PPI inflation and the stock market - Part II

Jay Kaeppel
2023-02-22
In Part I, we highlighted three separate indicators based on the state of Producer Price Index inflation. We put those indicators together in this piece into a single stock market timing model.

Key points

  • The Producer Price Index is an important - and often leading - gauge of inflation
  • There are a variety of useful ways to interpret PPI inflation, as covered in Part I
  • This piece combines the indicators discussed in Part I into one comprehensive model

Review of PPI Indicators #1 through #3

In Part I, I highlighted three indicators based on the Producer Price Index. To quickly recap:

Indicator #1: Looks at the 12-month percentage change in PPI. Below +9% and above -12% is bullish, outside of that range in bearish.

Indicator #2: Is calculated as the Producer Price Index 12-month percentage change minus the Consumer Price Index (CPI) 12-month percentage change. Below +7.00 is bullish; above that is bearish.

Indicator #3: Looks at the 1-month percentage change in the PPI. Between +4% and -2.2% is bullish. Outside of that range is bearish.

Now let's put the three together into one model.

PPI Stock Market Model

This model considers the state of all three PPI indicators at the end of each month. If a given indicator is bullish at the end of a month, that adds one point to the model. As such, at the end of any month, the model can read +3, +2, +1, or 0.

The chart below displays the month-end status of this model since 1914.

Now let's look at how these readings relate to stock market performance.

PPI Model Readings = +3

The logarithmic chart below displays the growth of $1 in the Dow Jones Industrials since 1914 if held only when the PPI Model = +3 (i.e., if all three PPI indicators were rated as bullish at the end of the previous month). The cumulative gain is +908,379%.

PPI Model Readings = +2, +1 or 0

The chart below displays the growth of $1 in the Dow Jones Industrials separately since 1914 if the PPI Model reads +2, +1, or 0.

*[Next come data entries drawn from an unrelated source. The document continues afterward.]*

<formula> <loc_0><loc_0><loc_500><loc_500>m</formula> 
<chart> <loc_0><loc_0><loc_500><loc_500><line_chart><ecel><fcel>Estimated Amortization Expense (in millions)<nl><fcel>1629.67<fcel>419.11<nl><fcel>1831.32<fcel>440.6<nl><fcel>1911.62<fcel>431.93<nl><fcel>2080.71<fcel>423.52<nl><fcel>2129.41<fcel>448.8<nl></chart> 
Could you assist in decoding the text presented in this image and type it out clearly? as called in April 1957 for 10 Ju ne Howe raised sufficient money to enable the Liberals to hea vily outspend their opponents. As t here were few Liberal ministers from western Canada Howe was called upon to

As you can see, the results were uniformly unfavorable over time. 

PPI Model Readings < +3

The chart below displays the growth of $1 in the Dow Jones Industrials since 1914 if the PPI Model reads anything less than +3. The cumulative result is a loss of -94%.

Summary of performance

The table below shows Dow performance during favorable (+3 readings) periods and unfavorable (< +3 readings) periods.

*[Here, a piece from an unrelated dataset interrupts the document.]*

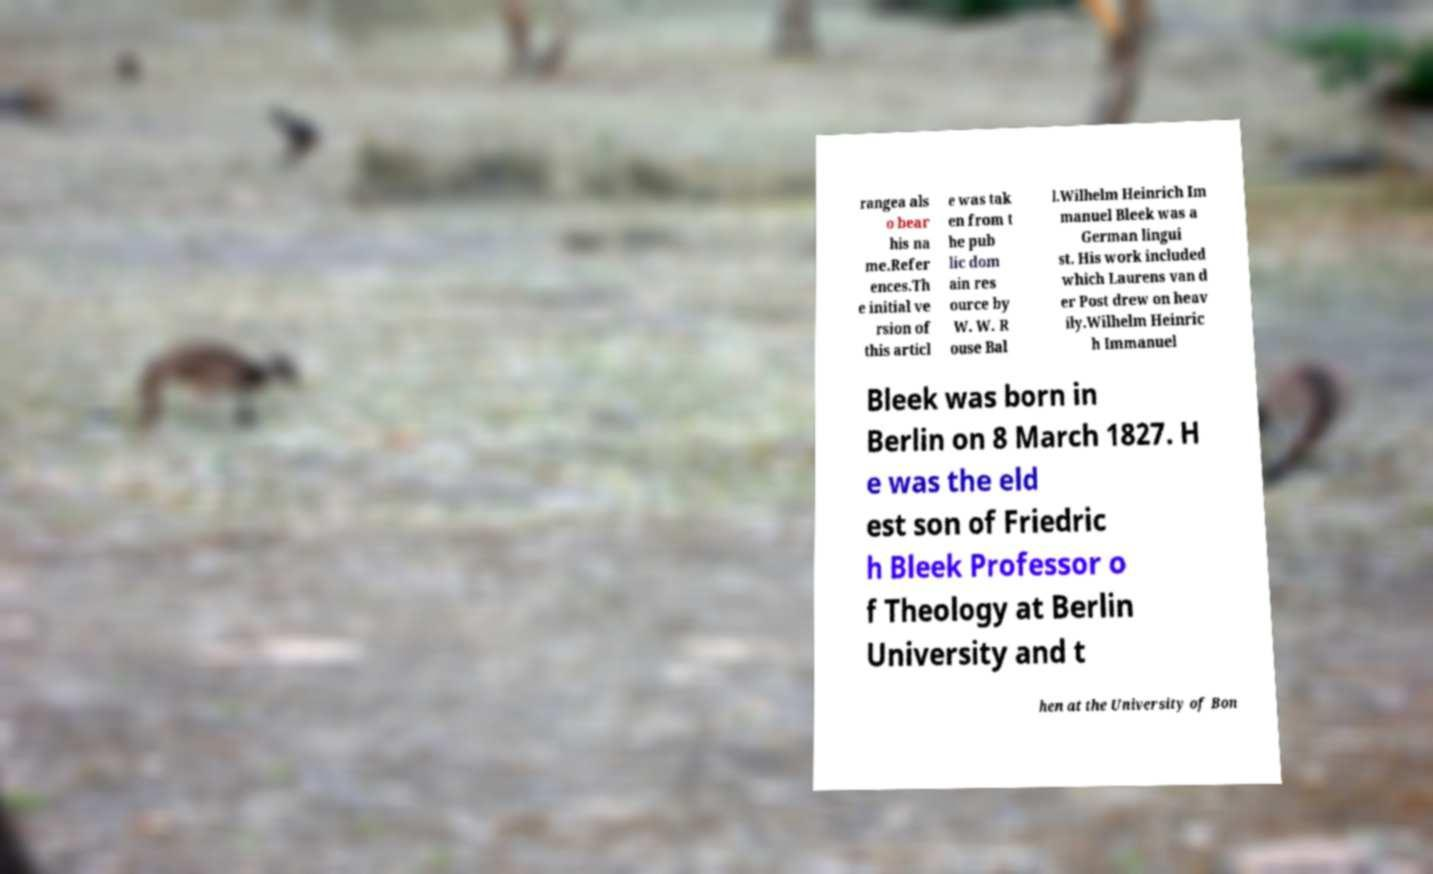Can you read and provide the text displayed in the image?This photo seems to have some interesting text. Can you extract and type it out for me? rangea als o bear his na me.Refer ences.Th e initial ve rsion of this articl e was tak en from t he pub lic dom ain res ource by W. W. R ouse Bal l.Wilhelm Heinrich Im manuel Bleek was a German lingui st. His work included which Laurens van d er Post drew on heav ily.Wilhelm Heinric h Immanuel Bleek was born in Berlin on 8 March 1827. H e was the eld est son of Friedric h Bleek Professor o f Theology at Berlin University and t hen at the University of Bon

The table below summarizes Dow performance during buy signals.

The table below summarizes Dow performance during sell signals.

It is important to note that the Dow showed a gain 66% of the time during sell signals. So a sell signal from this model is not a "death sentence" for the stock market. That said, several significant bear market declines occurred while the model was bearish.

Another note: The devastating decline during the early 1930s accounted for much of the decline during sell signals. So let's look at post-1932 sell signals to assess their usefulness. 

The chart below displays the growth of $1 in the Dow Jones Industrials since July 1932, when the PPI Model reads anything less than +3.

While there are points in the chart above where the stock market rallied, the bottom line is that extremes in PPI readings did an excellent job of warning investors before several severe stock market declines. Likewise, the cumulative growth during sell signals since 1932 is a loss of -47%.

Where the model currently stands

The PPI Stock Market Model was unfavorable from 2021-05-31 through 2022-12-31, at which point it turned favorable once again. As of 2023-02-21, all three PPI indicators are rated favorable. So the combined PPI Model is reading +3 and is considered favorable for stocks. 

Let's take a closer look at the current status of each indicator.

Indicator #1: In the chart below, we see that 12-month PPI inflation dropped back below +9% as of 2022-12-31 and presently stands at 5.46%. Since the latest reading is between +9% and -12%, this indicator is rated as favorable.

Indicator #2: In the chart below, we see that PPI inflation minus CPI inflation fell back below +7.00 as of 2022-10-31 and presently stands at -1.14. Since the last reading is below +7.00, this indicator is rated as favorable.

Indicator #3: In the chart below, the latest 1-month percentage change in the PPI was +0.71%. Since this reading is between +4% and -2.2%, this indicator is rated as favorable.

What the research tells us…

It is not news to most investors that inflation is an essential factor that can impact the stock market significantly. However, quantifying the current state of inflation related to stock market performance is another matter. Many investors rely on headlines and news to determine what they should think - or in many cases, how they "feel" - about inflation. A more sound approach is to analyze historical stock market performance relative to the status of reliable inflation indicators and use that as a guide going forward. The current favorable status of the PPI Stock Market Model detailed here does not guarantee higher stock prices. But it does suggest that the current level of fear-mongering surrounding the state of inflation is - at least for the moment - overdone. Suppose inflation is to pick up shortly. In that case, one or more of the three model indicators will likely quickly detect the new unfavorable trend and flip this model back to unfavorable.